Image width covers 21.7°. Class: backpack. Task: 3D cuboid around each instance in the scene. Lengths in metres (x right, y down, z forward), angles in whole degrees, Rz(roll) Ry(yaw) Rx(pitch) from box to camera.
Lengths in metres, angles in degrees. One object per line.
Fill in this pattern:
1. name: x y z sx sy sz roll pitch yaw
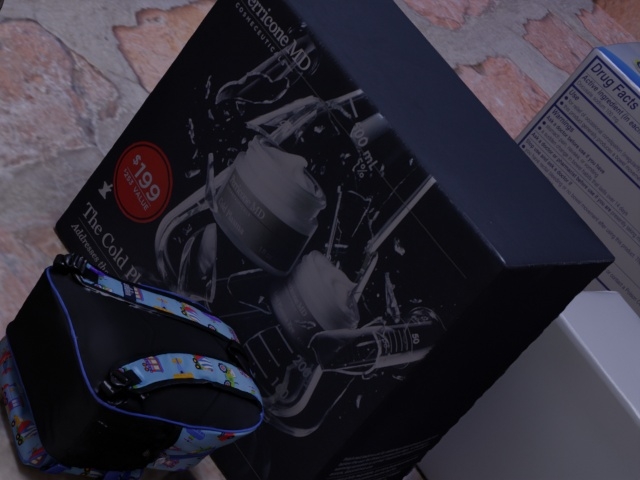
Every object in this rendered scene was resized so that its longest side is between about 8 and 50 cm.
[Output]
1. backpack: -0.136 0.105 1.243 0.173 0.117 0.158 15 34 -40

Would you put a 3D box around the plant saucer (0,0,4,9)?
1. plant saucer: -0.423 -0.312 1.625 0.278 0.041 0.278 31 28 -18

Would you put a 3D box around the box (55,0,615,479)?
1. box: 0.000 0.000 1.372 0.179 0.312 0.343 -1 46 -54

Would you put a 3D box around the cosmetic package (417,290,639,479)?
1. cosmetic package: 0.271 0.249 1.457 0.156 0.217 0.385 5 44 -50

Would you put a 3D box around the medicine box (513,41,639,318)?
1. medicine box: 0.340 -0.035 1.917 0.263 0.289 0.149 47 26 13
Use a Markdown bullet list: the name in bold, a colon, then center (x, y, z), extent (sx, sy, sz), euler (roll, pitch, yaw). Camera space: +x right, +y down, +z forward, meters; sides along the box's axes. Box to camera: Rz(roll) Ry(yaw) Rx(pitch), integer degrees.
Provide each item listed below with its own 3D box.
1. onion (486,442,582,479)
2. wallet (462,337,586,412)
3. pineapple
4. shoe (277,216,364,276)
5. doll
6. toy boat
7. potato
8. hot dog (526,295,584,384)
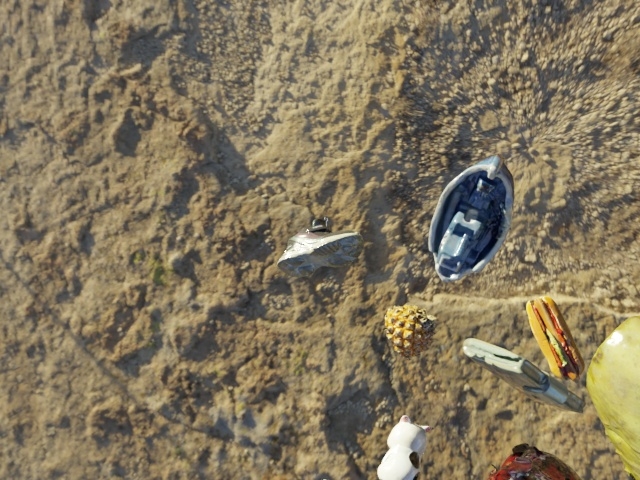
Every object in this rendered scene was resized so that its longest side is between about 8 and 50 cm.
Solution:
*-*-*
__Required work__: Reproduce every line of the records containing the string "Lengths".

__Reply__:
Image width covers 21.7°. Class: backpack. Task: 3D cuboid around each instance in the scene. Lengths in metres (x right, y down, z forward), angles in whole degrees, Rz(roll) Ry(yaw) Rx(pitch) from box to camera.
Lengths in metres, angles in degrees. One object per line.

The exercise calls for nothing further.